● Problem requirements: In your copy, reproduce the entries exactly as they are, minus the images.

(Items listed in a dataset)
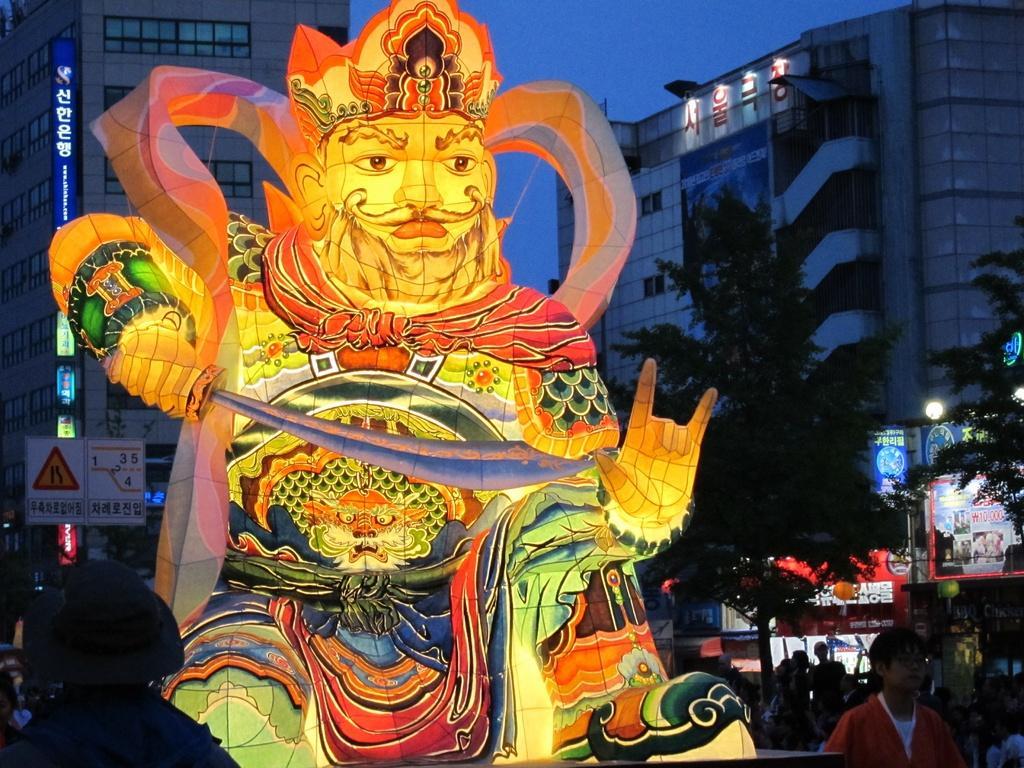Please provide a concise description of this image. In the center of the image there is a statue. At the bottom of the image we can see persons. In the background we can see buildings, persons, vehicles, trees and sky. 
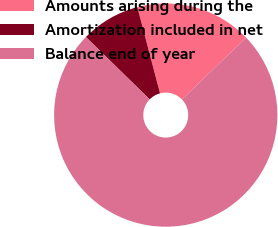<chart> <loc_0><loc_0><loc_500><loc_500><pie_chart><fcel>Amounts arising during the<fcel>Amortization included in net<fcel>Balance end of year<nl><fcel>16.88%<fcel>8.59%<fcel>74.53%<nl></chart> 
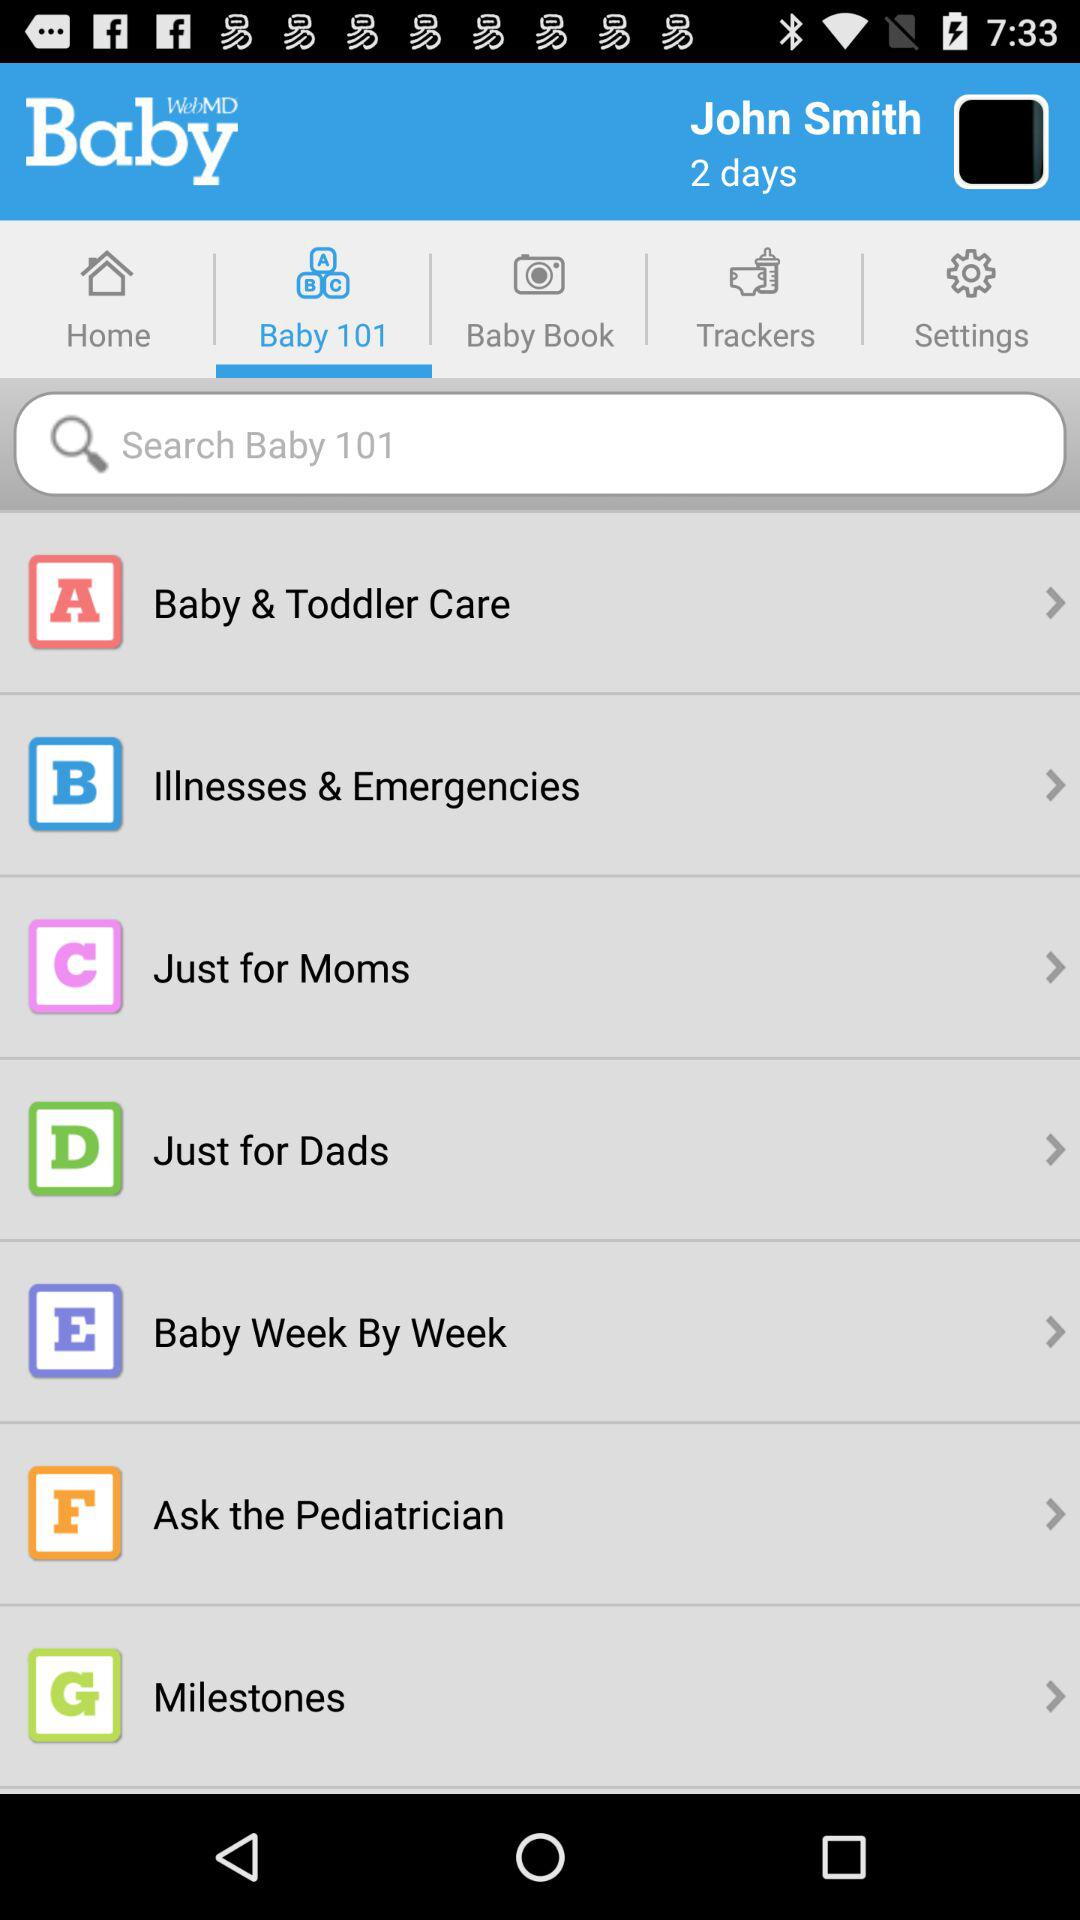What is the selected option? The selected option is "Baby 101". 
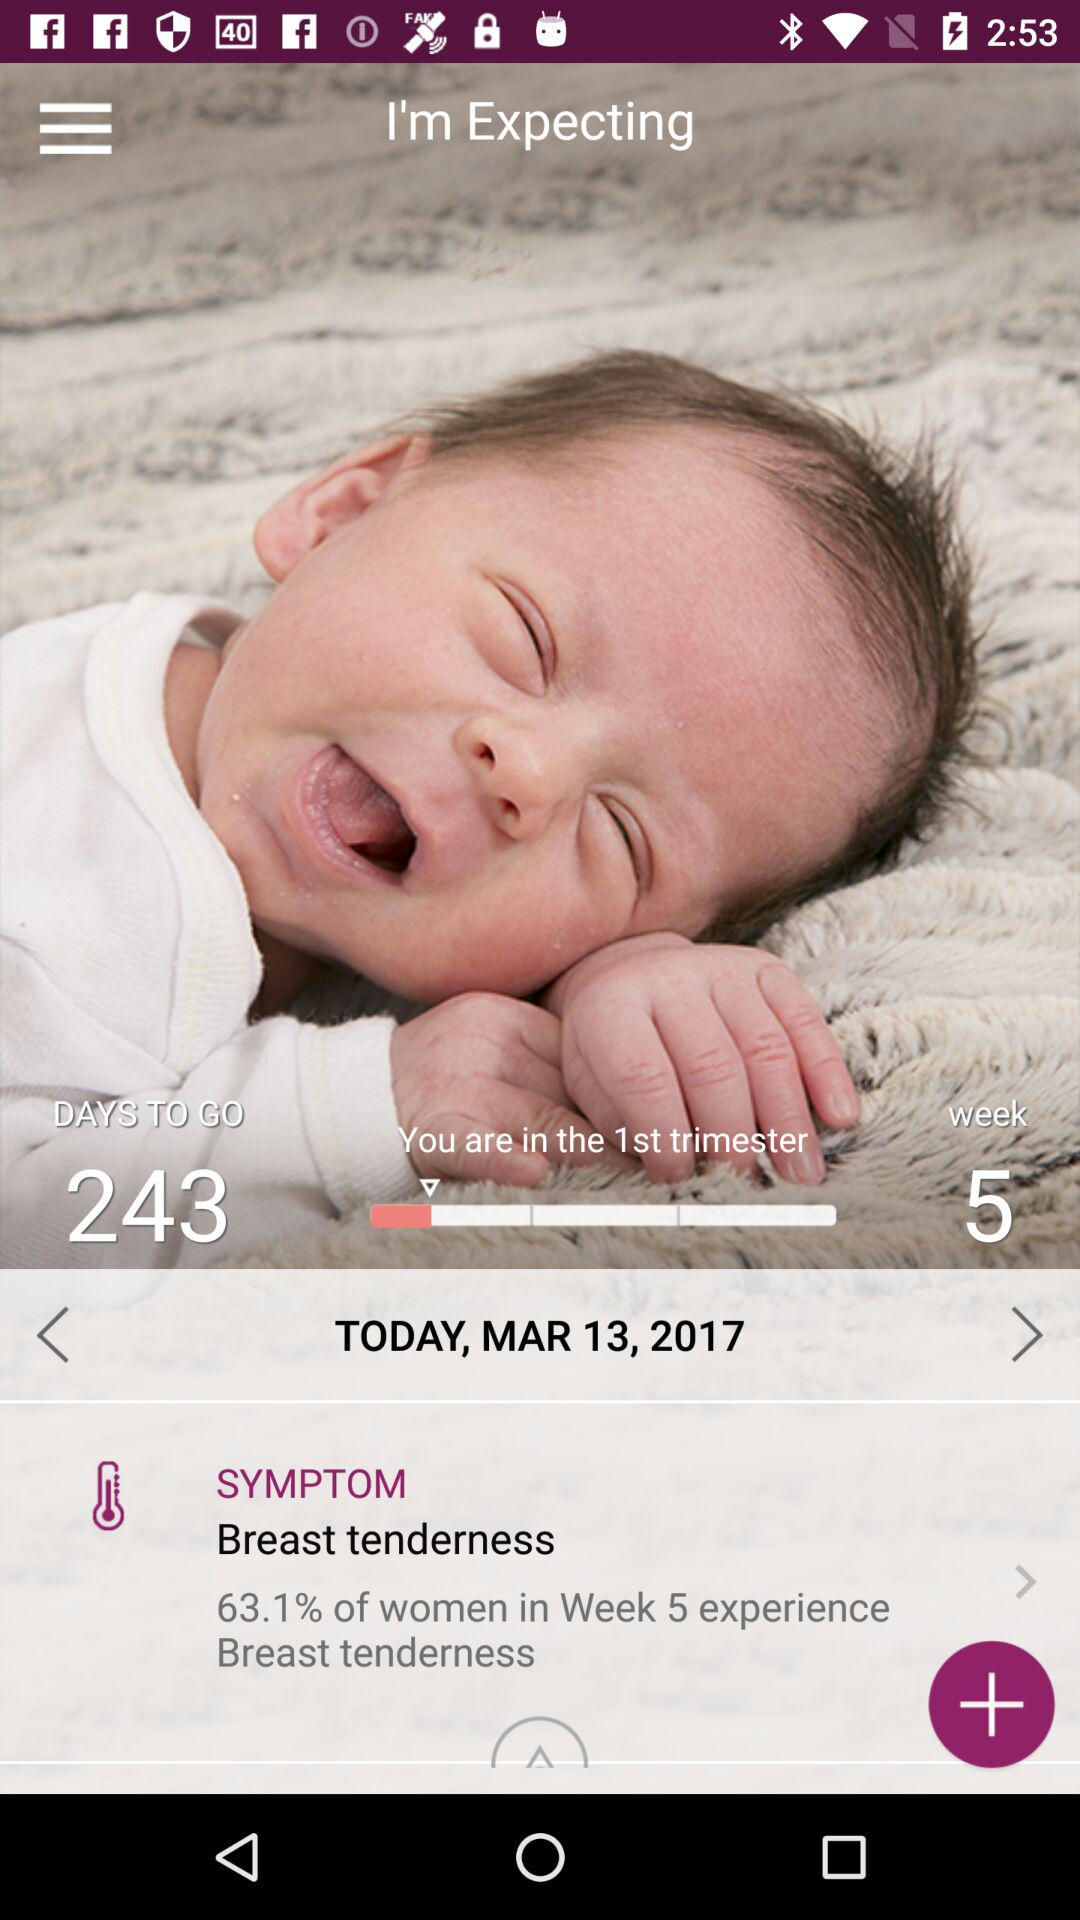What percentage of women experience breast tenderness in week 5?
Answer the question using a single word or phrase. 63.1% 
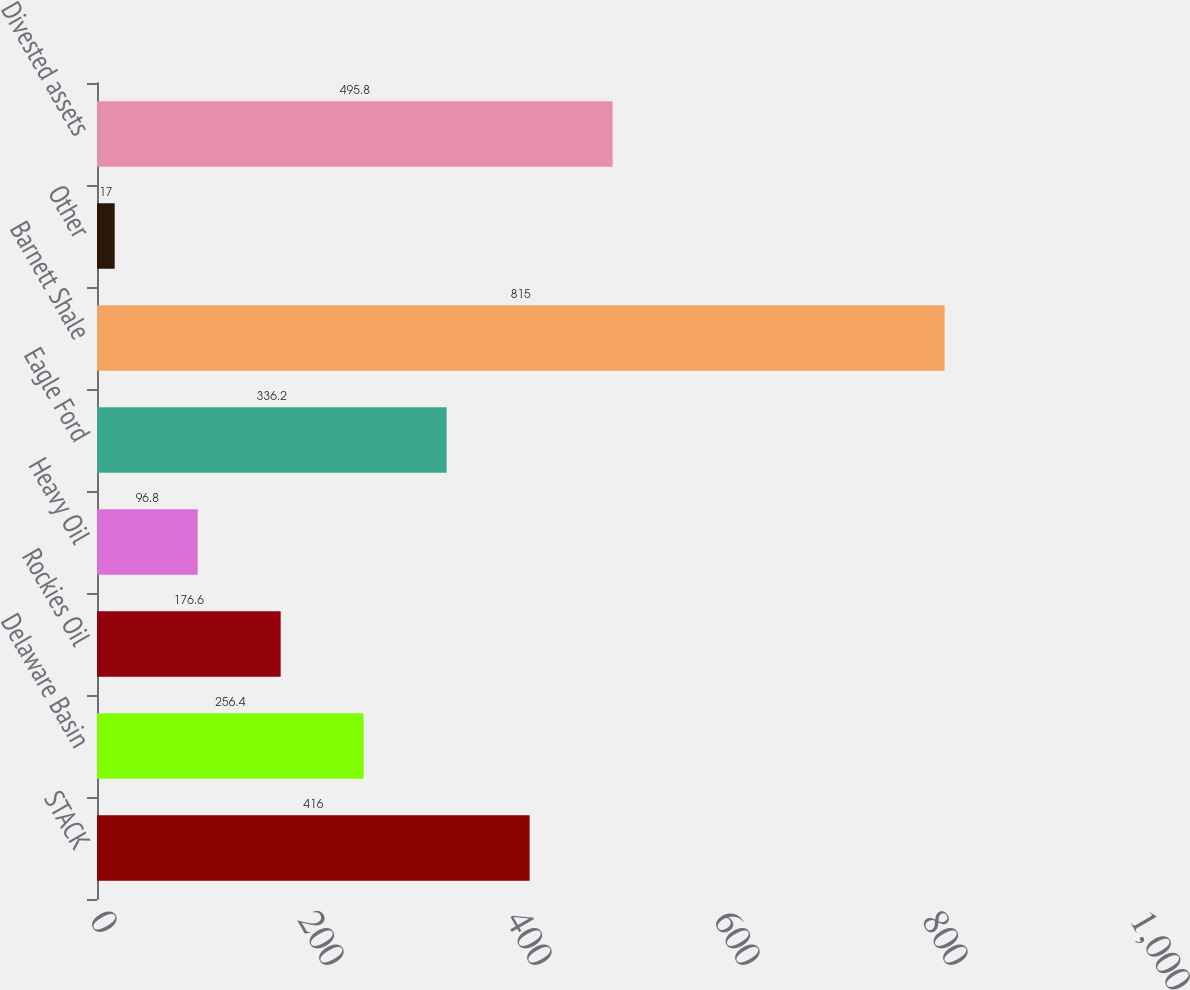<chart> <loc_0><loc_0><loc_500><loc_500><bar_chart><fcel>STACK<fcel>Delaware Basin<fcel>Rockies Oil<fcel>Heavy Oil<fcel>Eagle Ford<fcel>Barnett Shale<fcel>Other<fcel>Divested assets<nl><fcel>416<fcel>256.4<fcel>176.6<fcel>96.8<fcel>336.2<fcel>815<fcel>17<fcel>495.8<nl></chart>

● Answer:
Please provide a concise description of this image. In the center of the image there is a statue. At the bottom of the image we can see persons. In the background we can see buildings, persons, vehicles, trees and sky. 
<chart> <loc_0><loc_0><loc_500><loc_500><pie_chart><fcel>Amounts arising during the<fcel>Amortization included in net<fcel>Balance end of year<nl><fcel>16.88%<fcel>8.59%<fcel>74.53%<nl></chart> 
What is the selected option? The selected option is "Baby 101". 
What percentage of women experience breast tenderness in week 5?
Answer the question using a single word or phrase. 63.1% 
<chart> <loc_0><loc_0><loc_500><loc_500><bar_chart><fcel>STACK<fcel>Delaware Basin<fcel>Rockies Oil<fcel>Heavy Oil<fcel>Eagle Ford<fcel>Barnett Shale<fcel>Other<fcel>Divested assets<nl><fcel>416<fcel>256.4<fcel>176.6<fcel>96.8<fcel>336.2<fcel>815<fcel>17<fcel>495.8<nl></chart>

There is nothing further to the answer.